Pi comes from logic, not nature.
This is a bit like when you're trying to ask your kid what the area of the triangle is, and the kid tells you you've drawn the lines bent, or the corners aren't sharp. It's actually not terribly easy to explain to them that they're supposed to understand the idealized entity, and what exactly those ideals are, because you also can't actually draw a triangle with no width and then expect them to appreciate that the qualities you want to expose are somehow exposed when you're breaking your own rules.
Now draw the same triangle on a curved surface.
No matter how the idea of area comes from logic, the fundamental assumption for the commonly known formula to calculate area is that we are doing euclidean geometry.
We do not yet know if there is some similar assumption hiding behind our ignorance of physics.
We live in a world that is well described by Euclidien geometry for many applications. It doesn't mean it is the only possible useful geometry. If we define Pi as a ratio C/D, it can be different. Look at the example in the article.
Logic itself is a human construct that comes from observing nature - God's surely didn't hand it over to us. It is also not necessarily a singular thing (same way there are different logics as well as different geometries, and so on).
A universe with different natural laws might also obey a different logic.
In fact, even in this universe, even basic logic propositions are said to be uncertain/untrue under specific scales or physical environments (quantum micro scales, inside a singularity, and so on).
>It's actually not terribly easy to explain to them that they're supposed to understand the idealized entity
There's no singular "idealized entity". For example there are geometries where triangle angles add up to > 180 degrees.
I assume you're diving things into "from logic" or "from nature". However that's a highly misleading (if not false) dichotomy.
"Logic" refers to the most basic set of logical operations (AND, OR, etc.) and their use. Pi does not come from this.

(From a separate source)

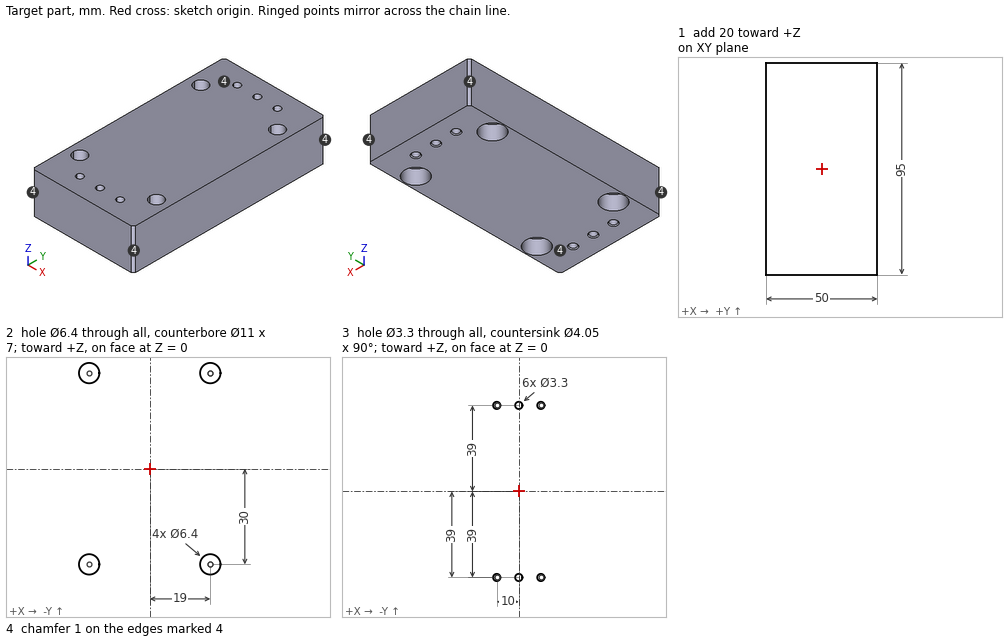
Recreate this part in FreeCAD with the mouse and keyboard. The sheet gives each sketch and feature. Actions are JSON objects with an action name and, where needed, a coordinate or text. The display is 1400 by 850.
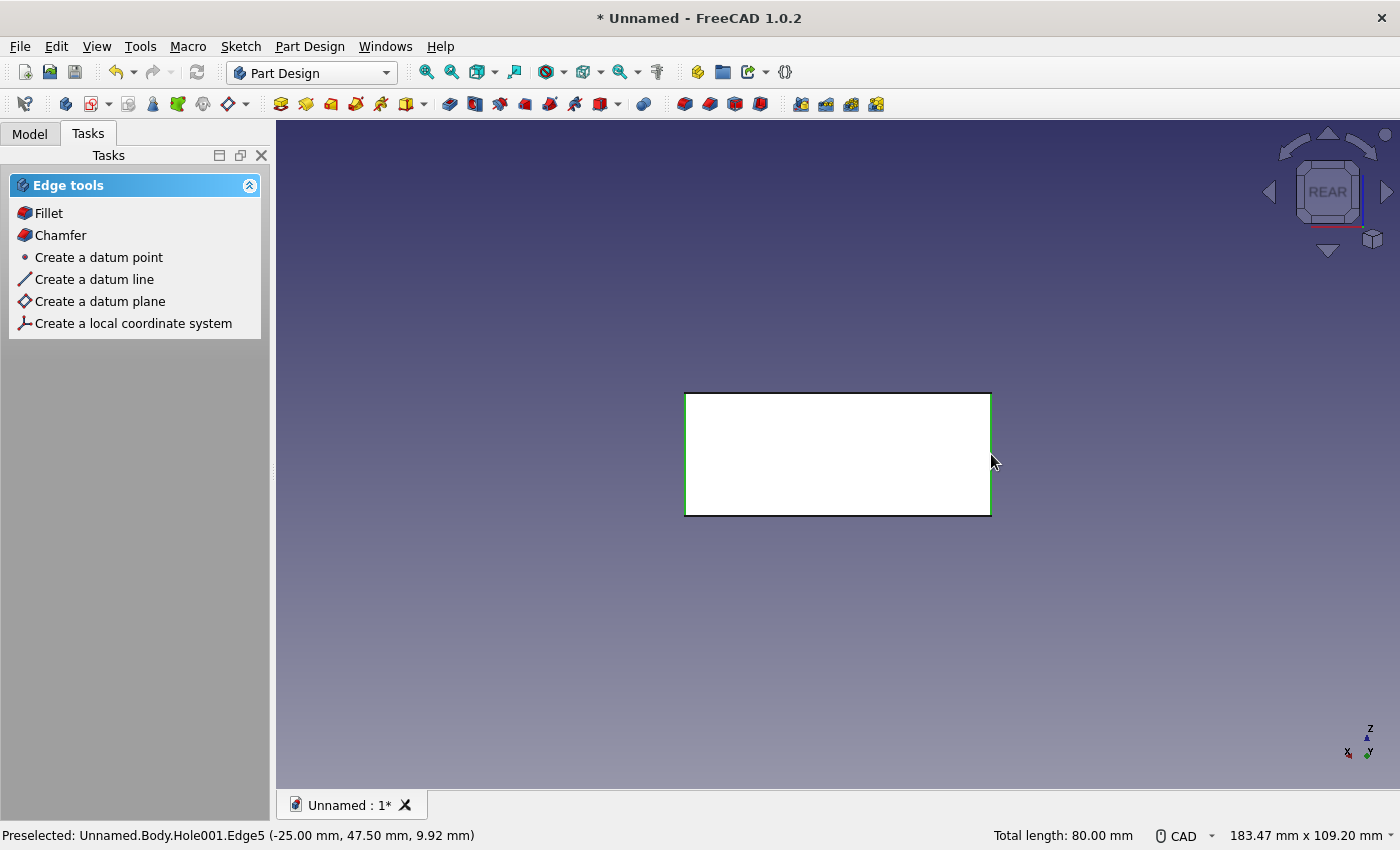
{"action": "left_click", "coordinate": [710, 104]}

It comes from Mathematics. If we define World to be "a set of true claims" then we can define worlds without any mathematical claims in; however the process of defining the world likely requires logic. (And so Mathematics != Logic).
In any case, as the article shows, the definition of Pi is relative to a distance metric. "Pi = Circ/Diam" which is ill-defined.

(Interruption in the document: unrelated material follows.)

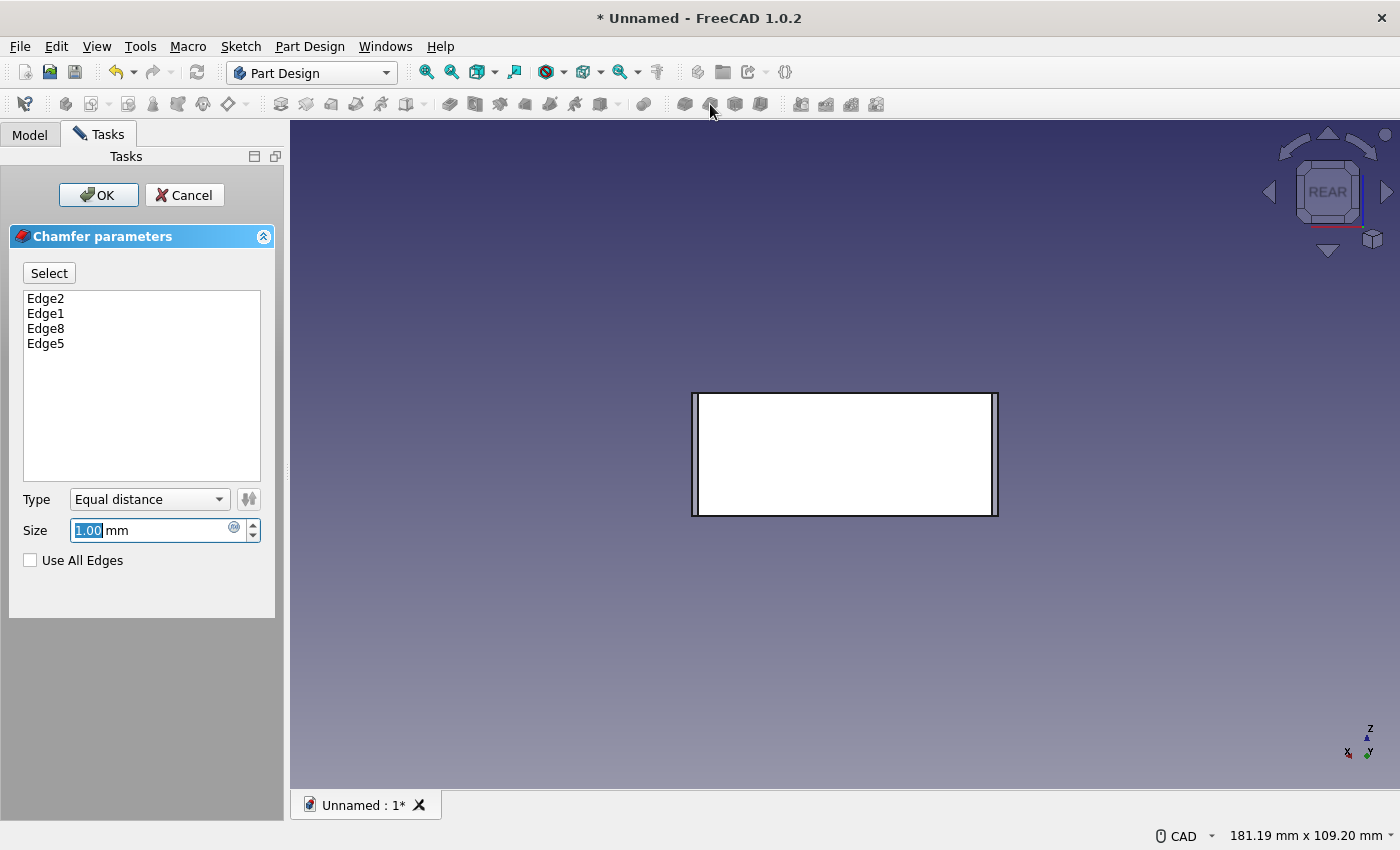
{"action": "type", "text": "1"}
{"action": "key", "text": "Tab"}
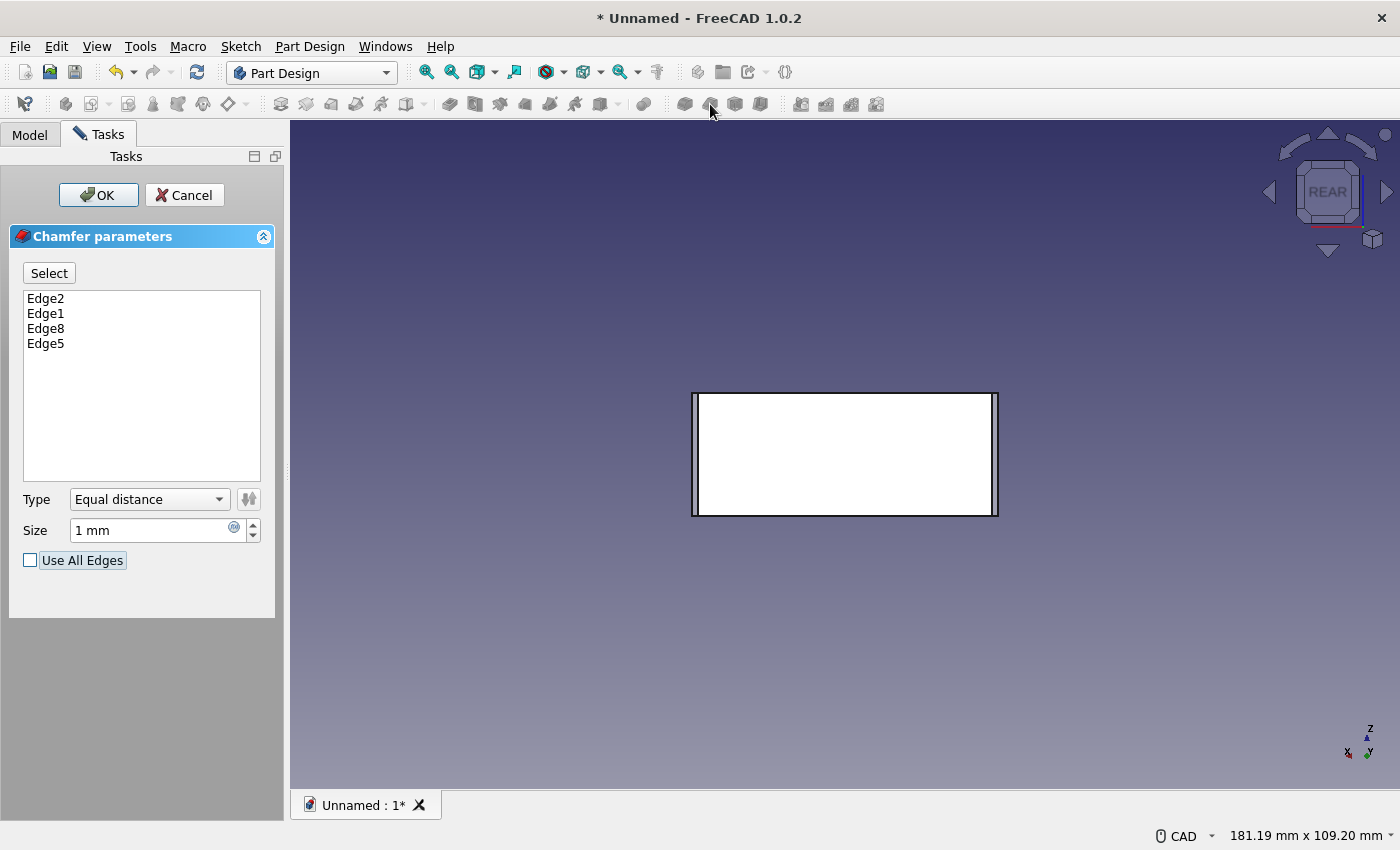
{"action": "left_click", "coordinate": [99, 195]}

One can construct a World (as defined above) which admits only claims relative to a given distance metric ("A Taxi-Cab World"). At this world, "Pi" has a different value.

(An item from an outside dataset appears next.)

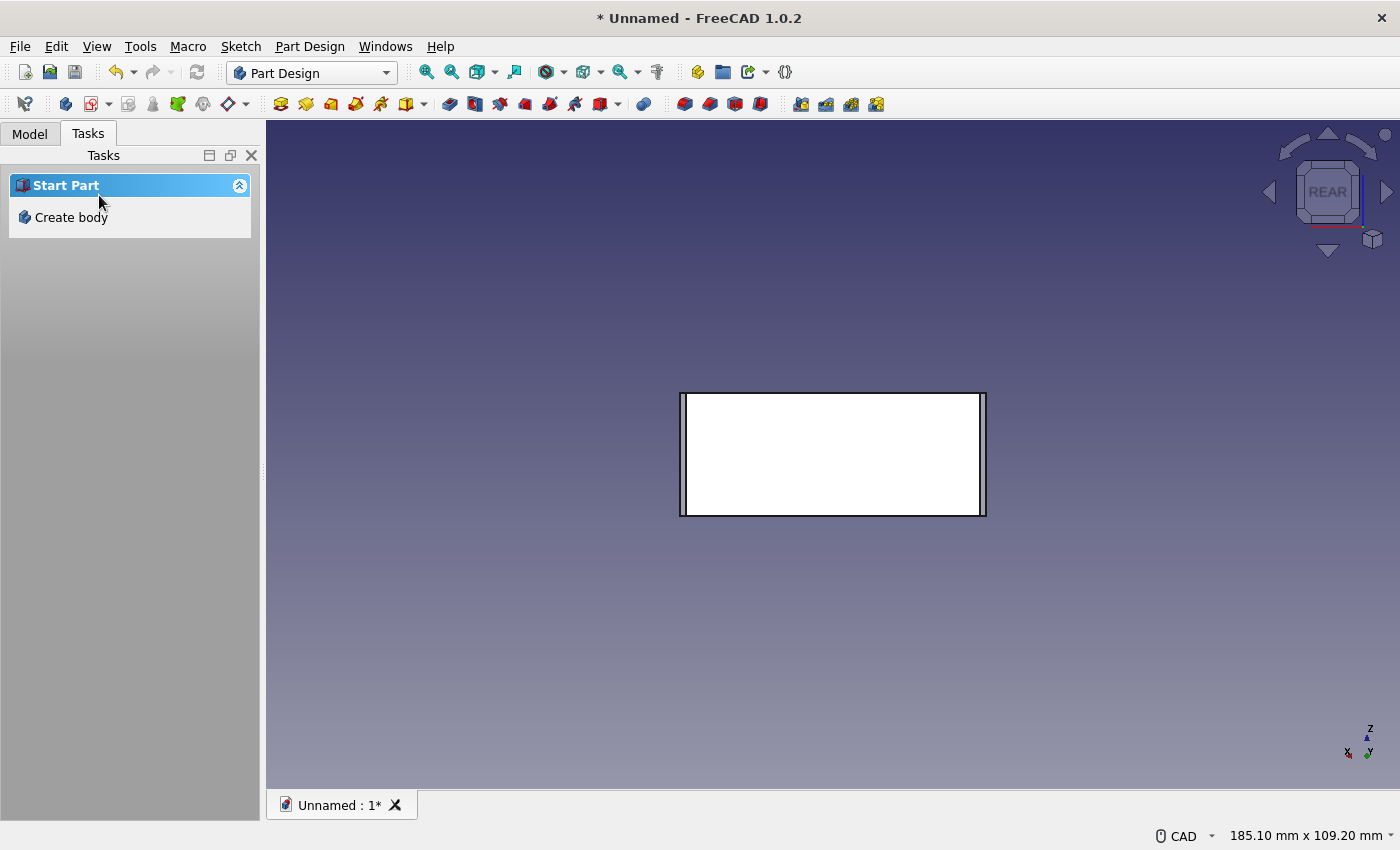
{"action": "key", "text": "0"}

It isn't also clear that the value of "Pi" here is given purely by mathematics. As its value is relative to a distance metric, and we choose that metric for empirical reasons ("it applies to our world").
That’s exactly what my son does and I hadn’t really thought about why until this post. Really interesting comment. I might try asking him to imagine the shapes instead of looking at my diagrams, I doubt he would imagine my terrible art skills.
If you consider solutions to one of the simplest non-trival second-order differential equation, f''(x) = -f(x), then you will find that the solutions all have period 2π, no geometry needed.
Well, the thing about a circle is that the very core of the definition has the same sort of "information" as whatever abstract "information" f'' = -f contains.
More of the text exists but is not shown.